I trained off my existing corpus - e.g., let my SA-generated spam folder build up a bit, removed any false positives, removed SA markups, and ran that into DSPAM as spam corpus; did the same with all the normal mail that came in over a week or so, THEN switched. I've also set my wife up without as much training, and it took DSPAM longer to learn what was spam for her and what wasn't. So I think training it up beforehand with a corpus is a good idea.
Overall, it was worth it to switch, and if I was good about upgrading to the newest I'd hopefully see my false positive rate drop.
Just my .02.
You can now set DSPAM to add headers with signatures etc instead of a tag in the body.
The only thing to note is that users forwarding mail back to DSPAM for training must include the X-DSPAM headers. Apparently, some email clients do not do this by default.
No sig.
Otherwise your weights will be all wrong.
Equal parts ham and spam will yield good spam catching. RTFAQ.
--
Internet Explorer (n): Another bug -- that is, a feature that can't be turned off -- in Windows.
I've been using DSPAM for about three months. A few criticisms:
First, by default DSPAM wants to run as the "root" user and usurp delivery of e-mails. (With Exim, they actually want it to recursively reinvoke the mail server for actual delivery!) It took quite a bit of configuring to get it to work like SpamAssassin from procmail.
This software is somewhat buggy, so running DSPAM as root would also introduce security concerns. For example, I'm using 2.10.6 because the 3.0.0 compiled and installed with no problems, but failed to classify anything. (Even with several hours of gdb tracing I was unable to determine why). Another bug is that if I run the "--falsepositive" on an e-mail that's lacking the "!DSPAM" signatures, the message should be ignored, but apparently this is not the case because the statistics counters are incremented.
From the FAQ:
"Q. Does DSPAM support whitelists?
A. DSPAM doesn't have a whitelist manager, rather whitelisting is an automatic function of DSPAM's Bayesian filtering mechanism."

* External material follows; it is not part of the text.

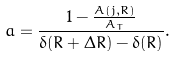<formula> <loc_0><loc_0><loc_500><loc_500>a = \frac { 1 - \frac { A ( j , R ) } { A _ { T } } } { \delta ( R + \Delta R ) - \delta ( R ) } .</formula>

This is crazy -- the whole point of whitelists is for when the Bayesian filtering fails! And DSPAM does fail. Twice now I've had to reset my database because the classifications were wrong and training wasn't helping. All I can say is I'm glad I've got procmail to rescue the important e-mails.
I think one source of my problems was that the default training mode ("train on everything") causes incorrect learning when you fail to report a false positive. This was a big problem for me, since I get around 700-800 spams/day. While false negatives are easily caught, the false positives go unnoticed unless I happen to wonder why someone never responded, and invest some time to search my spam folders. (I'm still trying to figure out exactly how to deal with this problem. E.g. maybe I could have it challenge the sender with Turing Test or something.)
I will say that DSPAM's basic technology is quite good. It's just that the software still has a "prototype" feel, and I'd caution you to do some experiments before unleashing it on your users. (For example, there's no manpage, and there isn't even a command-line option to print out the current version number!)
-Gonz
I ^H^H a guy I know used to retaliate, stopped for a while when the spammers built up their defenses, and then tried it again last week against some spams which started leaking thru his filters.
They are wide open again, brothers, because apparently no one else is dossing them anymore either and they have let down their guard.
I would guess that they lost money when they overprotected their forms against that type of "response," which made too many legit buyers say fuck it instead of filling out some bossy form.